OpenMPI issues

OpenMPI issues

Noctua 1

  • when using ls1 Mardyn compiled with GCC 11.2.0 and OpenMPI 4.1.1 there can be a memory leak in a few mpi-ranks that will eventually kill the simulation because it runs out of memory. Other combinations of GCC and OpenMPI might be affected, too.

    • A suitable workaround is to use the Intel compilers and Intel MPI.

Noctua 2

  • Errors/Warnings when using /tmp for example by OpenMPI:

    • Background: To guarantee a sufficient isolation between user, jobs and nodes the /tmp directory is redirected to an isolated directory on the parallel file system that only exists during the compute job. Some programs might expect /tmp to reside in main memory and might issue a warning or an error if it isn’t.

    • Workaround:

      • for OpenMP:

        • If you compile OpenMPI yourself and run programs with mpirun, please include “orte_tmpdir_base = /dev/shm” in your openmpi-mca-params.conf.

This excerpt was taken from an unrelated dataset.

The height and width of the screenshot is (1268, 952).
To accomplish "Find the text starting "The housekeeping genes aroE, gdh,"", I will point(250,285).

        • If you compile OpenMPI yourself and run programs with srun, please make sure that you have compiled OpenMPI with PMIx-support. We have set SLURM_PMIX_TMPDIR="/dev/shm” globally which will become effective then.

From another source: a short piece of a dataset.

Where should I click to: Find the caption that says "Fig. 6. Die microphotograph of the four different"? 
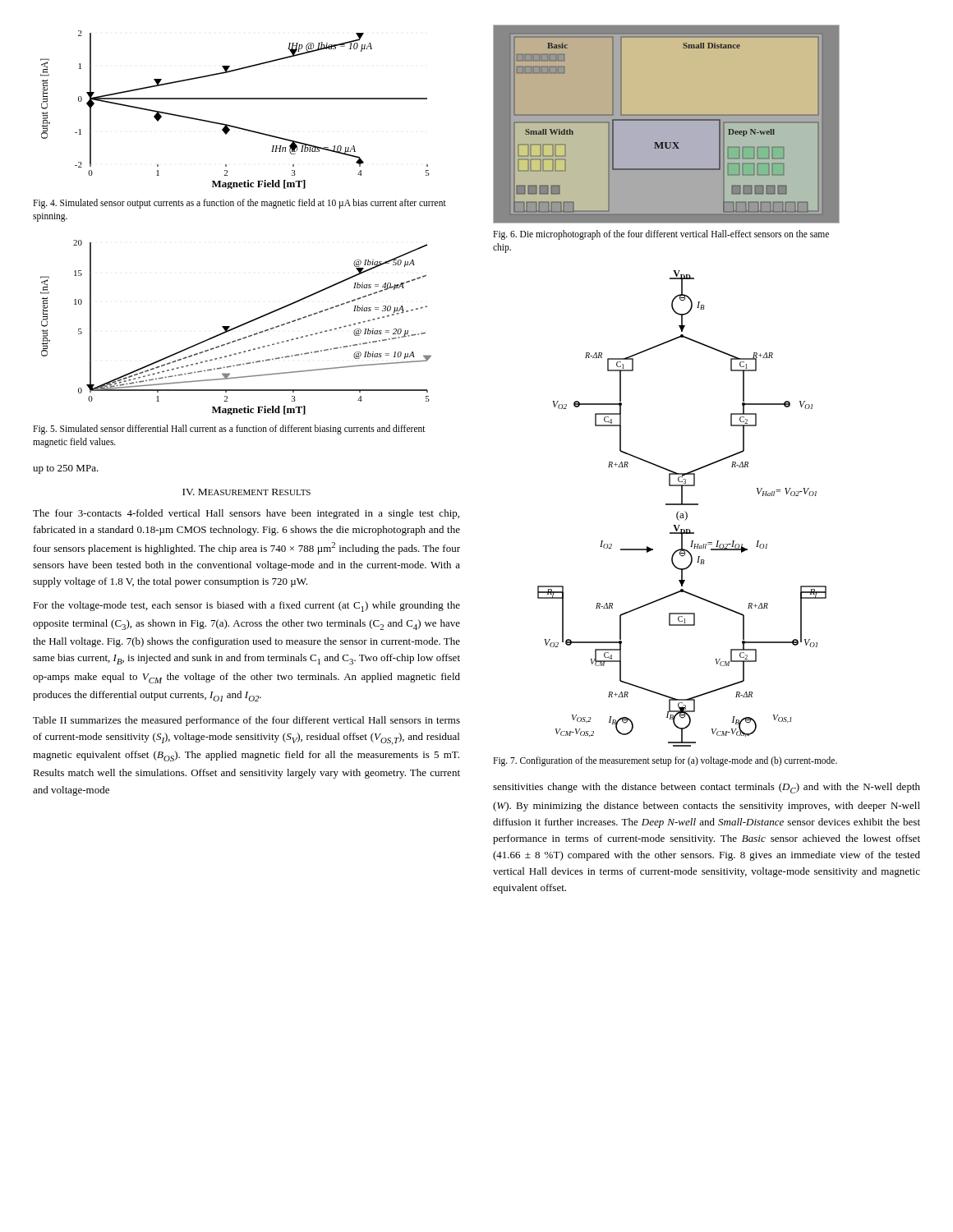[x=661, y=241]

  • OpenMPI on gpu partition:

    • Occasionally MPI jobs may fail on the gpu partition due to UCX error messages such as (We are investigating the issue):

      [1648816196.947405] [n2gpu1201:476591:0] mm_posix.c:206 UCX ERROR open(file_name=/proc/476593/fd/44 flags=0x0) failed: No such file or directory [1648816196.947422] [n2gpu1201:476591:0] mm_ep.c:158 UCX ERROR mm ep failed to connect to remote FIFO id 0xc000000b000745b1: Shared memory error ...
  • Some applications might not flush their output into stdout/stderr. In these cases please use the srun option -u or --unbuffered in your job scripts.

  • Warning regarding mpirun usage:
    When using mpirun as the MPI launcher, you may encounter warning messages similar to the following:

    ... Failed to modify UD QP to INIT on mlx5_0: Operation not permitted

To avoid this issue, we recommend using srun as the MPI launcher on our HPC clusters. However, if you have to use mpirun to launch your MPI application, you can resolve this problem by either:

  1. Setting the following environment variables in your Slurm jobscript:

    export OMPI_MCA_btl='^uct,ofi' export OMPI_MCA_pml='ucx' export OMPI_MCA_mtl='^ofi'
  2. Or running mpirun with the following options:

    mpirun --mca btl ^uct,ofi --mca pml ucx --mca mtl ^ofi